## AIM OF THE EXERCISE
Please repeat the entire listing verbatim and keep the pictures out.

## DATASET EXCERPTS
##############################
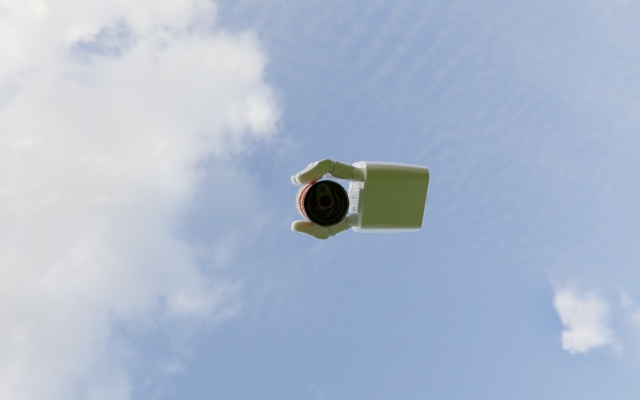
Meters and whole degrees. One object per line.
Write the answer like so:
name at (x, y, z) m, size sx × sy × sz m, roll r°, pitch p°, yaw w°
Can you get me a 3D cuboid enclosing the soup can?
soup can at (0.000, 0.002, 0.733) m, size 0.068 × 0.068 × 0.102 m, roll 0°, pitch 2°, yaw -10°
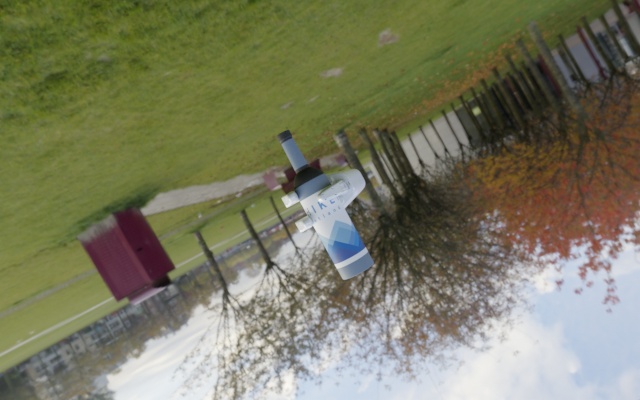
##############################
## ANSWER TO THE PROBLEM
Meters and whole degrees. One object per line.
Write the answer like so:
name at (x, y, z) m, size sx × sy × sz m, roll r°, pitch p°, yaw w°
Can you get me a 3D cuboid enclosing the soup can?
soup can at (0.000, 0.002, 0.733) m, size 0.068 × 0.068 × 0.102 m, roll 0°, pitch 2°, yaw -10°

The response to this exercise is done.